▶ _TASK TO COMPLETE_
Set down each line of the data below exactly.

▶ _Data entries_
==*==

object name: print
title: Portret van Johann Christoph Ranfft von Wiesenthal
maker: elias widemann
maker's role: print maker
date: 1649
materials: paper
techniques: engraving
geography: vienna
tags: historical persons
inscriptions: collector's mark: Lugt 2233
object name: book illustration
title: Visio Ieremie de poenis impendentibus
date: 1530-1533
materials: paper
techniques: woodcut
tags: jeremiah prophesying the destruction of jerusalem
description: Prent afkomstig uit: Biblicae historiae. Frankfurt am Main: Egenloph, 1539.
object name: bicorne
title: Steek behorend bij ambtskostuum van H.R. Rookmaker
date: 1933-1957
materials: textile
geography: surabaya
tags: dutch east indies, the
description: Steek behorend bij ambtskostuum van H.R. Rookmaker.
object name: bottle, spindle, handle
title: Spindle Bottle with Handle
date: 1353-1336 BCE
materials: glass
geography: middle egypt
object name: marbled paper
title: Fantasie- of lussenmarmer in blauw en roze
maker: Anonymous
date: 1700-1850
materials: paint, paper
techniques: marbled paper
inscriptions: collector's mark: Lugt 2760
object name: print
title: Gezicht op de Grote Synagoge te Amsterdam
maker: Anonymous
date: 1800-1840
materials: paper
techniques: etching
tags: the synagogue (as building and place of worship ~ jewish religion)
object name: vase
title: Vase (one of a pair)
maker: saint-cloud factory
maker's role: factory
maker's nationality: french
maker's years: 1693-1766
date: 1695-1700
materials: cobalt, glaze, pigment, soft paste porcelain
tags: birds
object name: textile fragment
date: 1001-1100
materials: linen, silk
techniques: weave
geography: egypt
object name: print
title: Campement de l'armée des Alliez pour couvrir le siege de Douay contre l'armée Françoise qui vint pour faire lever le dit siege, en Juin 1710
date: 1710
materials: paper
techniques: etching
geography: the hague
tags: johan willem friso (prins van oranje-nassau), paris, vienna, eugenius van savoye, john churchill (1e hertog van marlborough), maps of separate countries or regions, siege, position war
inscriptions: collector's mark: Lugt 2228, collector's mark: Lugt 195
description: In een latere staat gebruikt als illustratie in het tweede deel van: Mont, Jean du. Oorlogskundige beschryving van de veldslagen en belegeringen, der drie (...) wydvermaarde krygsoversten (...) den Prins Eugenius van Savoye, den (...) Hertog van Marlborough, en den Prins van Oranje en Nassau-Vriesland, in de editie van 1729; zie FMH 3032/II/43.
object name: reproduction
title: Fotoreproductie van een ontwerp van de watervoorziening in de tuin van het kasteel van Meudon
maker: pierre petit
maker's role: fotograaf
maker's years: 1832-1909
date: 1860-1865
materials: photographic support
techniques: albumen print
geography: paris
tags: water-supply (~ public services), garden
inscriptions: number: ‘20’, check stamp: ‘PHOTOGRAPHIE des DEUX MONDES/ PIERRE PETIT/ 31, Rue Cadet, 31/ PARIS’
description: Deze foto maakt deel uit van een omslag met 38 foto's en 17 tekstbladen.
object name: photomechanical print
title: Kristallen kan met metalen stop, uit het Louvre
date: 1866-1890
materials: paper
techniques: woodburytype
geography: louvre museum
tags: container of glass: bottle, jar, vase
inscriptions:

==*==

▶ _EXERCISE SOLUTION_
object name: print
title: Portret van Johann Christoph Ranfft von Wiesenthal
maker: elias widemann
maker's role: print maker
date: 1649
materials: paper
techniques: engraving
geography: vienna
tags: historical persons
inscriptions: collector's mark: Lugt 2233
object name: book illustration
title: Visio Ieremie de poenis impendentibus
date: 1530-1533
materials: paper
techniques: woodcut
tags: jeremiah prophesying the destruction of jerusalem
description: Prent afkomstig uit: Biblicae historiae. Frankfurt am Main: Egenloph, 1539.
object name: bicorne
title: Steek behorend bij ambtskostuum van H.R. Rookmaker
date: 1933-1957
materials: textile
geography: surabaya
tags: dutch east indies, the
description: Steek behorend bij ambtskostuum van H.R. Rookmaker.
object name: bottle, spindle, handle
title: Spindle Bottle with Handle
date: 1353-1336 BCE
materials: glass
geography: middle egypt
object name: marbled paper
title: Fantasie- of lussenmarmer in blauw en roze
maker: Anonymous
date: 1700-1850
materials: paint, paper
techniques: marbled paper
inscriptions: collector's mark: Lugt 2760
object name: print
title: Gezicht op de Grote Synagoge te Amsterdam
maker: Anonymous
date: 1800-1840
materials: paper
techniques: etching
tags: the synagogue (as building and place of worship ~ jewish religion)
object name: vase
title: Vase (one of a pair)
maker: saint-cloud factory
maker's role: factory
maker's nationality: french
maker's years: 1693-1766
date: 1695-1700
materials: cobalt, glaze, pigment, soft paste porcelain
tags: birds
object name: textile fragment
date: 1001-1100
materials: linen, silk
techniques: weave
geography: egypt
object name: print
title: Campement de l'armée des Alliez pour couvrir le siege de Douay contre l'armée Françoise qui vint pour faire lever le dit siege, en Juin 1710
date: 1710
materials: paper
techniques: etching
geography: the hague
tags: johan willem friso (prins van oranje-nassau), paris, vienna, eugenius van savoye, john churchill (1e hertog van marlborough), maps of separate countries or regions, siege, position war
inscriptions: collector's mark: Lugt 2228, collector's mark: Lugt 195
description: In een latere staat gebruikt als illustratie in het tweede deel van: Mont, Jean du. Oorlogskundige beschryving van de veldslagen en belegeringen, der drie (...) wydvermaarde krygsoversten (...) den Prins Eugenius van Savoye, den (...) Hertog van Marlborough, en den Prins van Oranje en Nassau-Vriesland, in de editie van 1729; zie FMH 3032/II/43.
object name: reproduction
title: Fotoreproductie van een ontwerp van de watervoorziening in de tuin van het kasteel van Meudon
maker: pierre petit
maker's role: fotograaf
maker's years: 1832-1909
date: 1860-1865
materials: photographic support
techniques: albumen print
geography: paris
tags: water-supply (~ public services), garden
inscriptions: number: ‘20’, check stamp: ‘PHOTOGRAPHIE des DEUX MONDES/ PIERRE PETIT/ 31, Rue Cadet, 31/ PARIS’
description: Deze foto maakt deel uit van een omslag met 38 foto's en 17 tekstbladen.
object name: photomechanical print
title: Kristallen kan met metalen stop, uit het Louvre
date: 1866-1890
materials: paper
techniques: woodburytype
geography: louvre museum
tags: container of glass: bottle, jar, vase
inscriptions:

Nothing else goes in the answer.